I am enjoying reading your blog. This entry touched my heart, given how often in my life I have been around people ill and people dying.

After being a shepherdess to my mom through her last days of life in hospice, I took that experience into both my writing and the way I live.

You can find the article titled, "Health and Wellness through Loss" here:

http://www.laviniaweissman.com/publications.php


Over a period of time, I made friends with my mentor, Stephen Levine, on death and dying gain, through his book, Healing Into Life and Death.

I read the book a few pages at a time as it came to parallel my own experience with grief and death.

One day I woke up and discovered a new layer to what it means to live and be "authentic me."

This authentic me needed to invent new conversations and attract the kind of people to have these new conversations that go beyond resignation or accepting the difficulties around us. But I noticed that just having these conversations was not enough.

To me living in life fully is about joining with others to find new ways to address the difficulties of these times, and that when we really come from that "authentic place," it means we come alive and feel control over our lives.

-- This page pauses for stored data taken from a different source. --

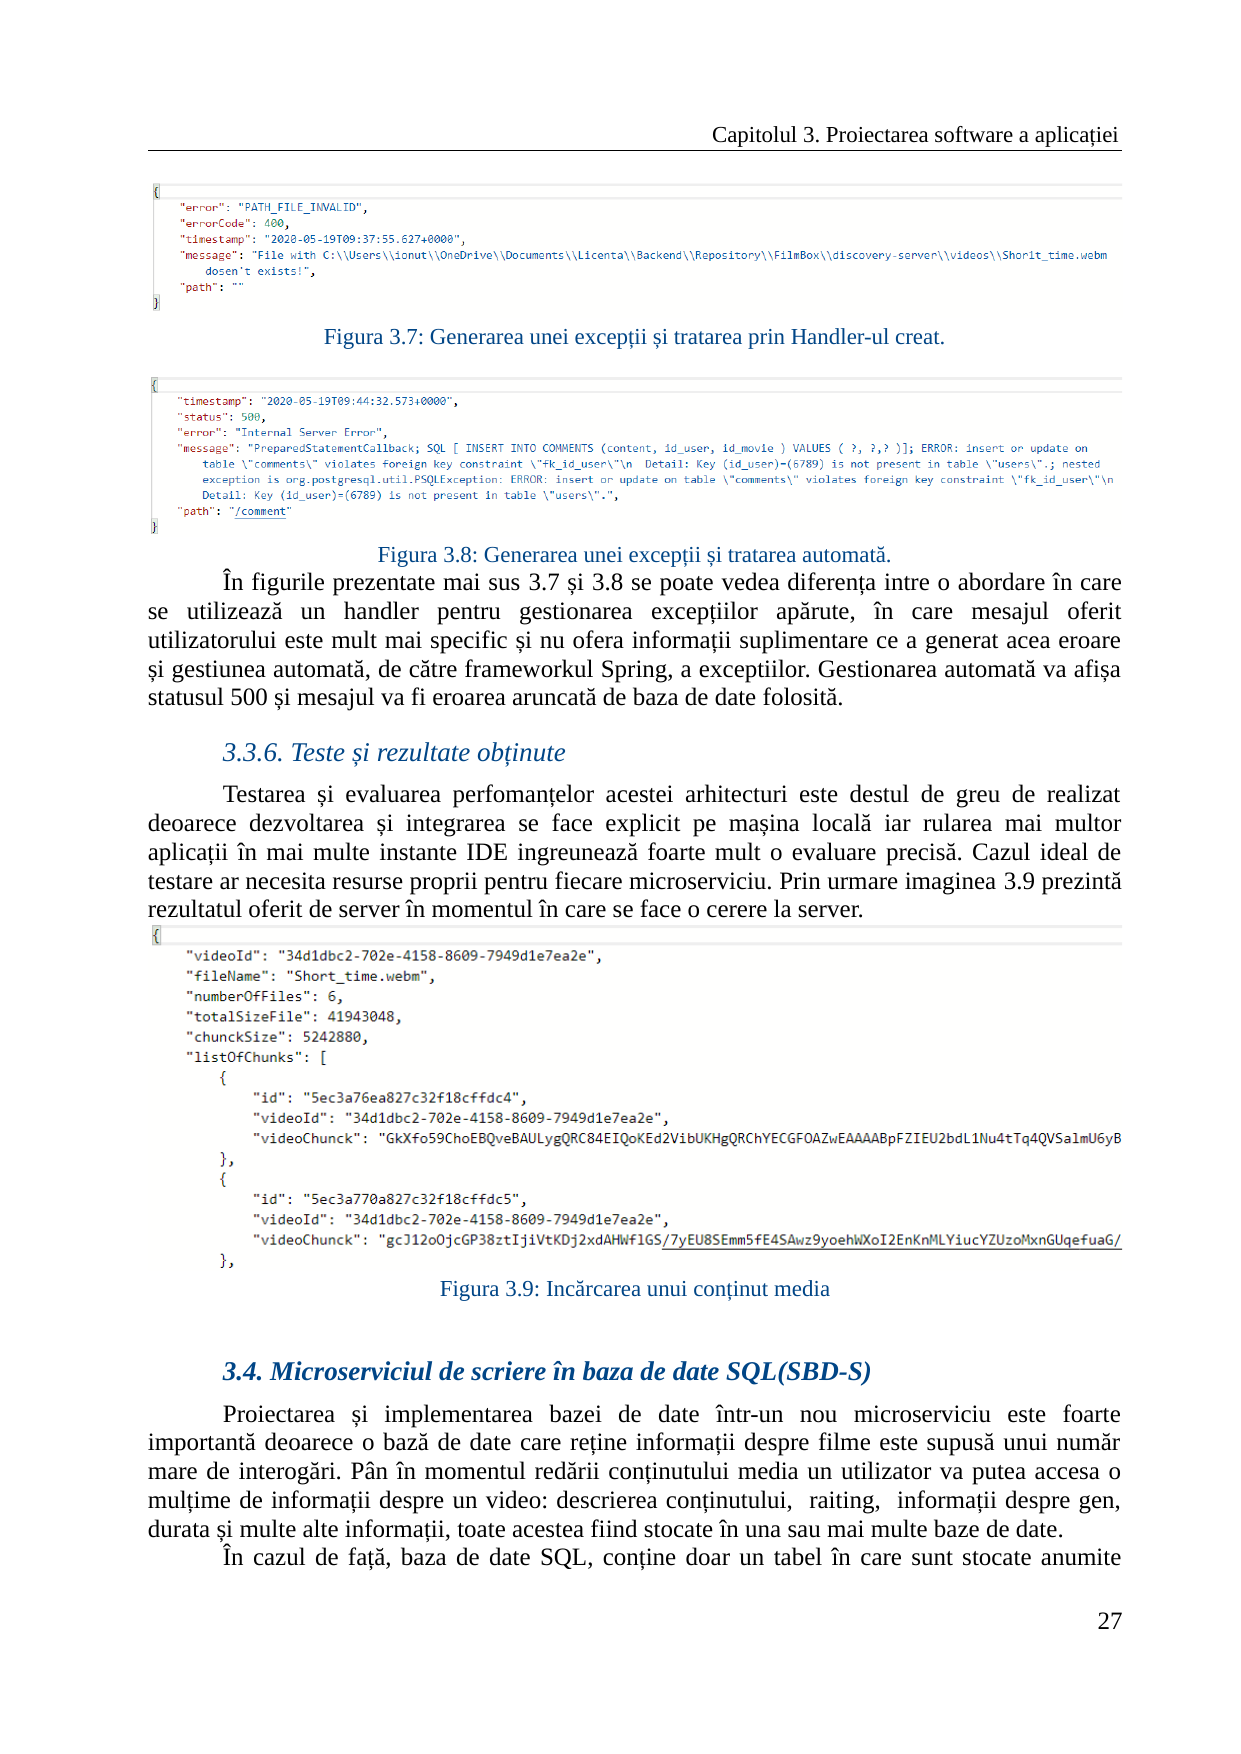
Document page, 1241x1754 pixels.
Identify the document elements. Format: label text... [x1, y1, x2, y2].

subtitle Microserviciul de scriere în baza de date SQL(SBD-S) [223, 1355, 1122, 1386]
text Proiectarea și implementarea bazei de date într-un nou microserviciu este foarte importantă deoarece o bază de date care reține informații despre filme este supusă unui număr mare de interogări. Pân în momentul redării conținutului media un utilizator va putea accesa o mulțime de informații despre un video: descrierea conținutului, raiting, informații despre gen, durata și multe alte informații, toate acestea fiind stocate în una sau mai multe baze de date. [148, 1399, 1122, 1542]
picture [147, 180, 1123, 318]
text Figura 3.9: Incărcarea unui conținut media [148, 1271, 1122, 1302]
text Figura 3.7: Generarea unei excepții și tratarea prin Handler-ul creat. [139, 318, 1130, 349]
subtitle Teste și rezultate obținute [223, 736, 1122, 767]
picture [147, 377, 1123, 537]
text Testarea și evaluarea perfomanțelor acestei arhitecturi este destul de greu de realizat deoarece dezvoltarea și integrarea se face explicit pe mașina locală iar rularea mai multor aplicații în mai multe instante IDE ingreunează foarte mult o evaluare precisă. Cazul ideal de testare ar necesita resurse proprii pentru fiecare microserviciu. Prin urmare imaginea 3.9 prezintă rezultatul oferit de server în momentul în care se face o cerere la server. [148, 779, 1122, 923]
picture [147, 923, 1123, 1271]
text În cazul de față, baza de date SQL, conține doar un tabel în care sunt stocate anumite [148, 1542, 1122, 1571]
text Figura 3.8: Generarea unei excepții și tratarea automată. [148, 537, 1122, 567]
text În figurile prezentate mai sus 3.7 și 3.8 se poate vedea diferența intre o abordare în care se utilizează un handler pentru gestionarea excepțiilor apărute, în care mesajul oferit utilizatorului este mult mai specific și nu ofera informații suplimentare ce a generat acea eroare și gestiunea automată, de către frameworkul Spring, a exceptiilor. Gestionarea automată va afișa statusul 500 și mesajul va fi eroarea aruncată de baza de date folosită. [148, 567, 1122, 711]
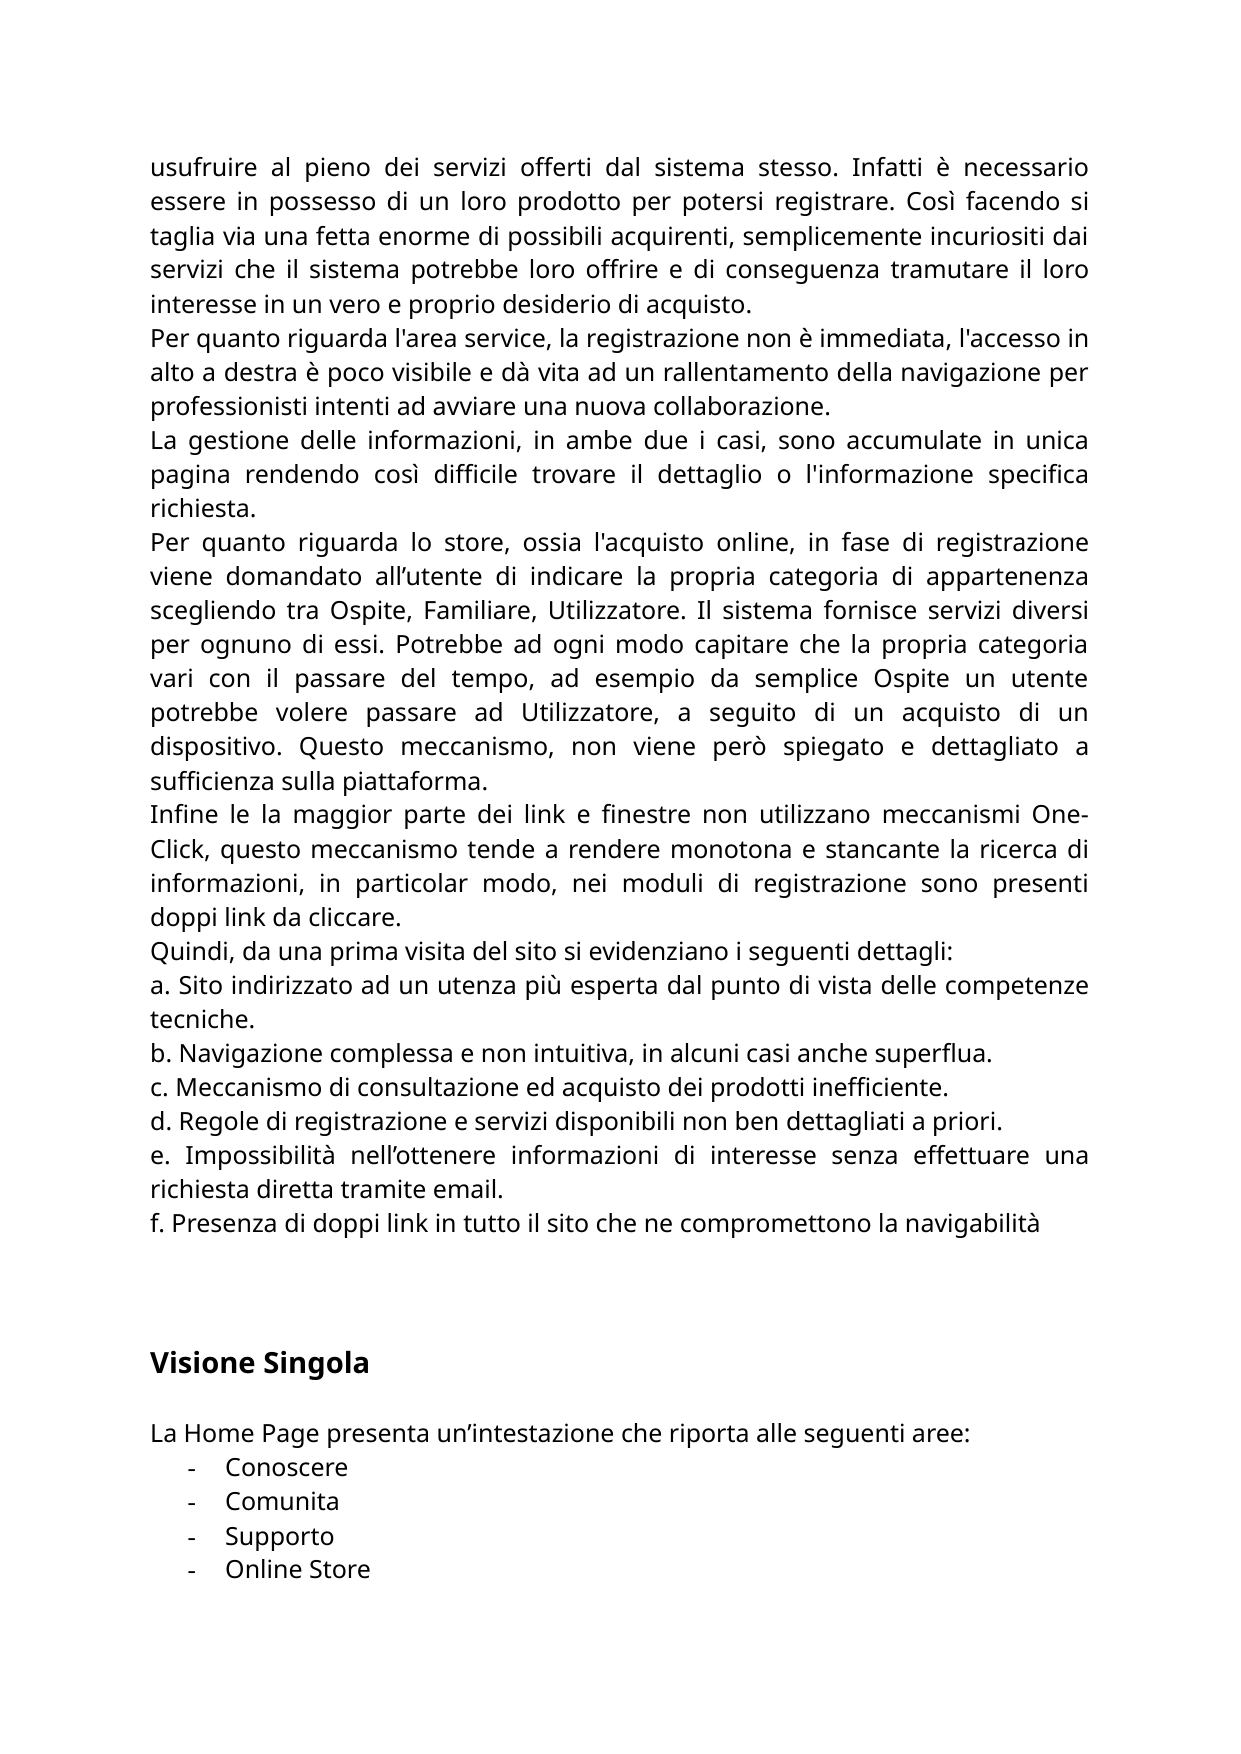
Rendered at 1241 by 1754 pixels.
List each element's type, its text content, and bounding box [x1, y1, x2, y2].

text usufruire al pieno dei servizi offerti dal sistema stesso. Infatti è necessario essere in possesso di un loro prodotto per potersi registrare. Così facendo si taglia via una fetta enorme di possibili acquirenti, semplicemente incuriositi dai servizi che il sistema potrebbe loro offrire e di conseguenza tramutare il loro interesse in un vero e proprio desiderio di acquisto. [150, 150, 1090, 320]
text La Home Page presenta un’intestazione che riporta alle seguenti aree: [150, 1416, 1090, 1450]
list Conoscere [187, 1450, 1090, 1484]
text La gestione delle informazioni, in ambe due i casi, sono accumulate in unica pagina rendendo così difficile trovare il dettaglio o l'informazione specifica richiesta. [150, 422, 1090, 525]
text b. Navigazione complessa e non intuitiva, in alcuni casi anche superflua. [150, 1036, 1090, 1070]
text d. Regole di registrazione e servizi disponibili non ben dettagliati a priori. [150, 1104, 1090, 1138]
list Comunita [187, 1484, 1090, 1518]
text a. Sito indirizzato ad un utenza più esperta dal punto di vista delle competenze tecniche. [150, 967, 1090, 1036]
text Visione Singola [150, 1342, 1090, 1382]
text Per quanto riguarda lo store, ossia l'acquisto online, in fase di registrazione viene domandato all’utente di indicare la propria categoria di appartenenza scegliendo tra Ospite, Familiare, Utilizzatore. Il sistema fornisce servizi diversi per ognuno di essi. Potrebbe ad ogni modo capitare che la propria categoria vari con il passare del tempo, ad esempio da semplice Ospite un utente potrebbe volere passare ad Utilizzatore, a seguito di un acquisto di un dispositivo. Questo meccanismo, non viene però spiegato e dettagliato a sufficienza sulla piattaforma. [150, 525, 1090, 797]
text Per quanto riguarda l'area service, la registrazione non è immediata, l'accesso in alto a destra è poco visibile e dà vita ad un rallentamento della navigazione per professionisti intenti ad avviare una nuova collaborazione. [150, 320, 1090, 422]
text f. Presenza di doppi link in tutto il sito che ne compromettono la navigabilità [150, 1206, 1090, 1240]
text Quindi, da una prima visita del sito si evidenziano i seguenti dettagli: [150, 933, 1090, 967]
list Online Store [187, 1552, 1090, 1586]
list Supporto [187, 1518, 1090, 1552]
text Infine le la maggior parte dei link e finestre non utilizzano meccanismi One-Click, questo meccanismo tende a rendere monotona e stancante la ricerca di informazioni, in particolar modo, nei moduli di registrazione sono presenti doppi link da cliccare. [150, 797, 1090, 933]
text c. Meccanismo di consultazione ed acquisto dei prodotti inefficiente. [150, 1070, 1090, 1104]
text e. Impossibilità nell’ottenere informazioni di interesse senza effettuare una richiesta diretta tramite email. [150, 1138, 1090, 1206]
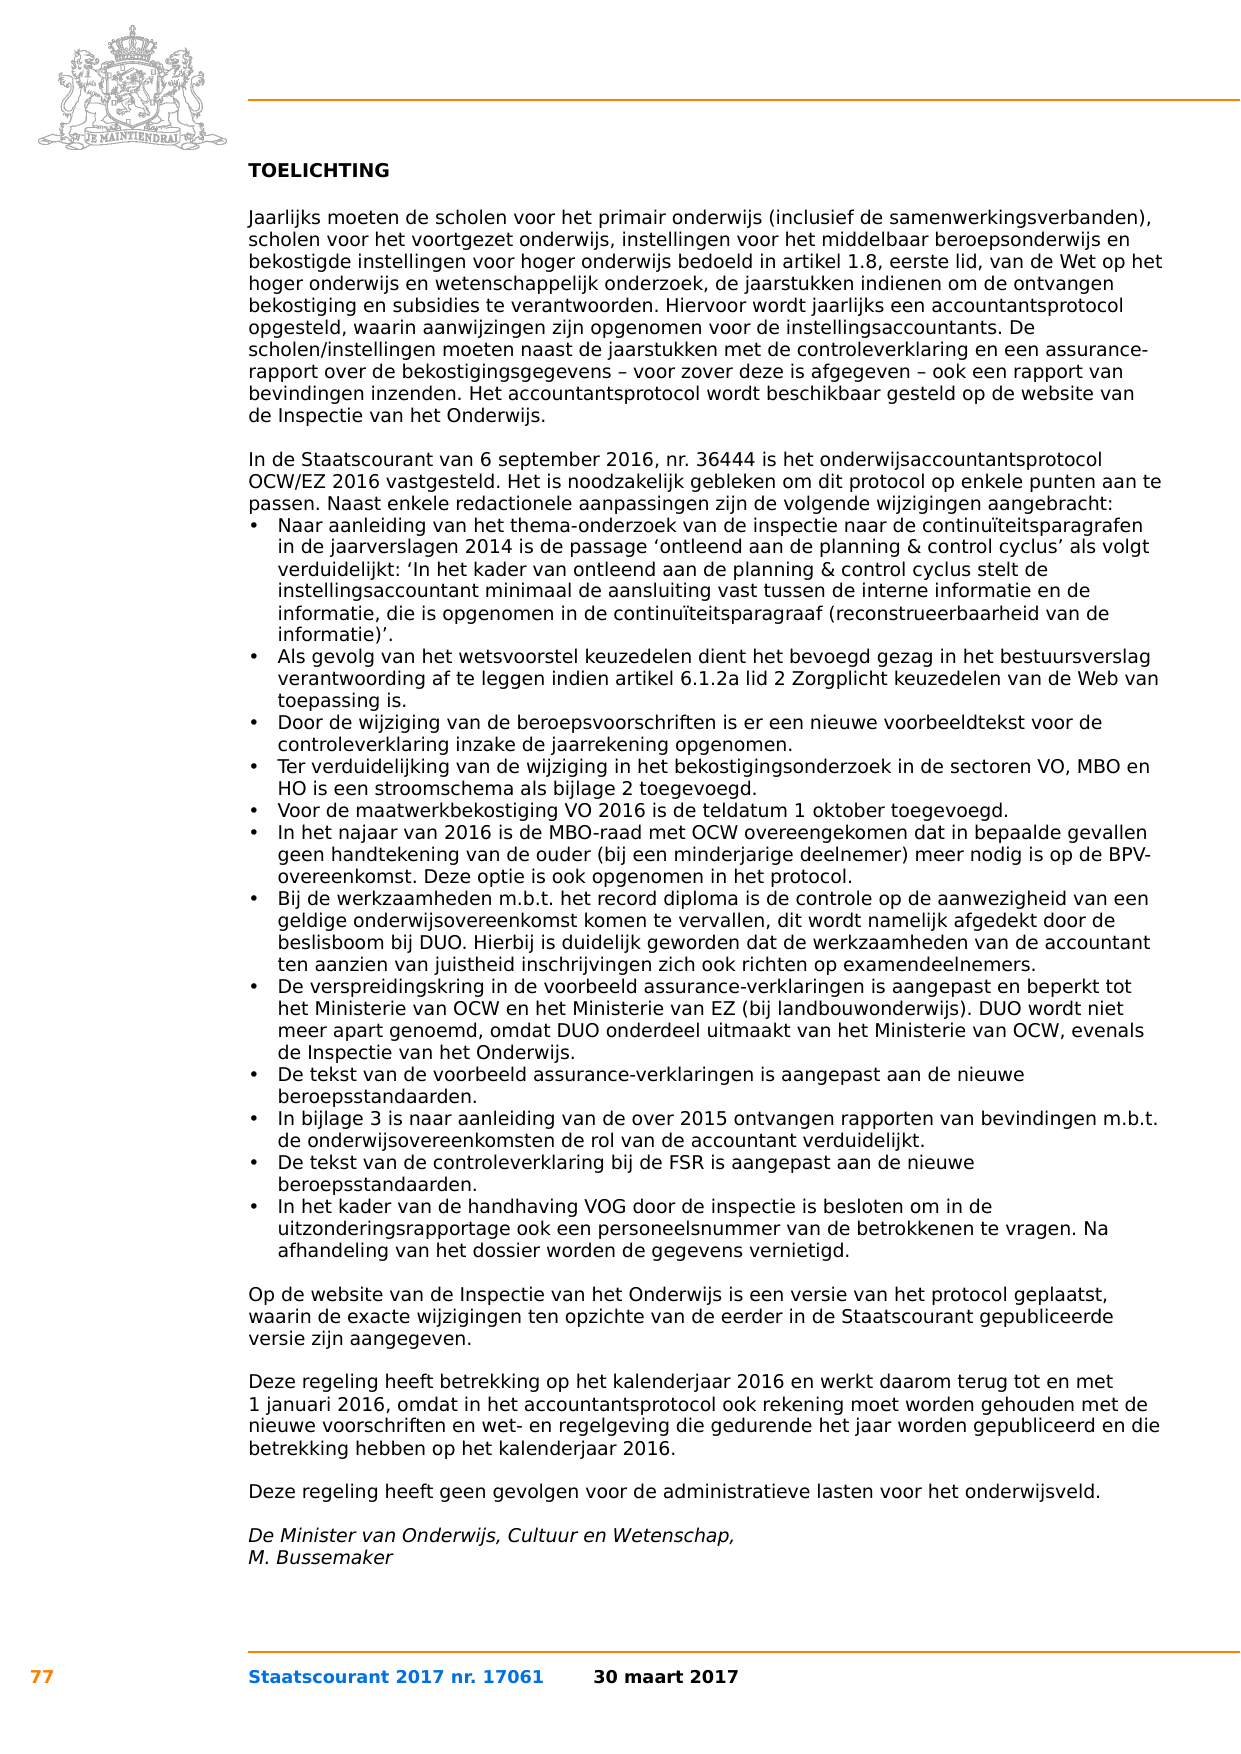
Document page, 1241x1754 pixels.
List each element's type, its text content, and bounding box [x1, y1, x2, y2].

text • De verspreidingskring in de voorbeeld assurance-verklaringen is aangepast en beperkt tot het Ministerie van OCW en het Ministerie van EZ (bij landbouwonderwijs). DUO wordt niet meer apart genoemd, omdat DUO onderdeel uitmaakt van het Ministerie van OCW, evenals de Inspectie van het Onderwijs. [248, 976, 1163, 1064]
text In de Staatscourant van 6 september 2016, nr. 36444 is het onderwijsaccountantsprotocol OCW/EZ 2016 vastgesteld. Het is noodzakelijk gebleken om dit protocol op enkele punten aan te passen. Naast enkele redactionele aanpassingen zijn de volgende wijzigingen aangebracht: [248, 448, 1163, 514]
text • In bijlage 3 is naar aanleiding van de over 2015 ontvangen rapporten van bevindingen m.b.t. de onderwijsovereenkomsten de rol van de accountant verduidelijkt. [248, 1108, 1163, 1152]
text • In het najaar van 2016 is de MBO-raad met OCW overeengekomen dat in bepaalde gevallen geen handtekening van de ouder (bij een minderjarige deelnemer) meer nodig is op de BPV-overeenkomst. Deze optie is ook opgenomen in het protocol. [248, 822, 1163, 888]
text • De tekst van de controleverklaring bij de FSR is aangepast aan de nieuwe beroepsstandaarden. [248, 1152, 1163, 1196]
text De Minister van Onderwijs, Cultuur en Wetenschap, M. Bussemaker [248, 1525, 1163, 1569]
text • De tekst van de voorbeeld assurance-verklaringen is aangepast aan de nieuwe beroepsstandaarden. [248, 1064, 1163, 1108]
text Op de website van de Inspectie van het Onderwijs is een versie van het protocol geplaatst, waarin de exacte wijzigingen ten opzichte van de eerder in de Staatscourant gepubliceerde versie zijn aangegeven. [248, 1284, 1163, 1349]
text • Voor de maatwerkbekostiging VO 2016 is de teldatum 1 oktober toegevoegd. [248, 800, 1163, 822]
subtitle TOELICHTING [248, 160, 1163, 182]
text Deze regeling heeft geen gevolgen voor de administratieve lasten voor het onderwijsveld. [248, 1481, 1163, 1503]
text • Bij de werkzaamheden m.b.t. het record diploma is de controle op de aanwezigheid van een geldige onderwijsovereenkomst komen te vervallen, dit wordt namelijk afgedekt door de beslisboom bij DUO. Hierbij is duidelijk geworden dat de werkzaamheden van de accountant ten aanzien van juistheid inschrijvingen zich ook richten op examendeelnemers. [248, 888, 1163, 976]
text • Als gevolg van het wetsvoorstel keuzedelen dient het bevoegd gezag in het bestuursverslag verantwoording af te leggen indien artikel 6.1.2a lid 2 Zorgplicht keuzedelen van de Web van toepassing is. [248, 646, 1163, 712]
text • Naar aanleiding van het thema-onderzoek van de inspectie naar de continuïteitsparagrafen in de jaarverslagen 2014 is de passage ‘ontleend aan de planning & control cyclus’ als volgt verduidelijkt: ‘In het kader van ontleend aan de planning & control cyclus stelt de instellingsaccountant minimaal de aansluiting vast tussen de interne informatie en de informatie, die is opgenomen in de continuïteitsparagraaf (reconstrueerbaarheid van de informatie)’. [248, 514, 1163, 646]
text Deze regeling heeft betrekking op het kalenderjaar 2016 en werkt daarom terug tot en met 1 januari 2016, omdat in het accountantsprotocol ook rekening moet worden gehouden met de nieuwe voorschriften en wet- en regelgeving die gedurende het jaar worden gepubliceerd en die betrekking hebben op het kalenderjaar 2016. [248, 1371, 1163, 1459]
picture [38, 25, 227, 150]
text • In het kader van de handhaving VOG door de inspectie is besloten om in de uitzonderingsrapportage ook een personeelsnummer van de betrokkenen te vragen. Na afhandeling van het dossier worden de gegevens vernietigd. [248, 1196, 1163, 1262]
text • Ter verduidelijking van de wijziging in het bekostigingsonderzoek in de sectoren VO, MBO en HO is een stroomschema als bijlage 2 toegevoegd. [248, 756, 1163, 800]
text Jaarlijks moeten de scholen voor het primair onderwijs (inclusief de samenwerkingsverbanden), scholen voor het voortgezet onderwijs, instellingen voor het middelbaar beroepsonderwijs en bekostigde instellingen voor hoger onderwijs bedoeld in artikel 1.8, eerste lid, van de Wet op het hoger onderwijs en wetenschappelijk onderzoek, de jaarstukken indienen om de ontvangen bekostiging en subsidies te verantwoorden. Hiervoor wordt jaarlijks een accountantsprotocol opgesteld, waarin aanwijzingen zijn opgenomen voor de instellingsaccountants. De scholen/instellingen moeten naast de jaarstukken met de controleverklaring en een assurance-rapport over de bekostigingsgegevens – voor zover deze is afgegeven – ook een rapport van bevindingen inzenden. Het accountantsprotocol wordt beschikbaar gesteld op de website van de Inspectie van het Onderwijs. [248, 207, 1163, 427]
text • Door de wijziging van de beroepsvoorschriften is er een nieuwe voorbeeldtekst voor de controleverklaring inzake de jaarrekening opgenomen. [248, 712, 1163, 756]

My "authentic me," came to realize that the heroic stance of a "being authentic" was not enough. It was about really finding others who are their "authentic selves" and breathing life together into the work we know how to do and the work we need to learn to do.

Andrew

Thank you Lavinia,

I have noticed also that when I am most connected to myself, then I can help others be their very best.

I agree that "authenticity" held inward is a waste of being. It must be extended outward and used to lift and support others to meet the full measure of its purpose.

I greatly appreciate your comment. Thank you!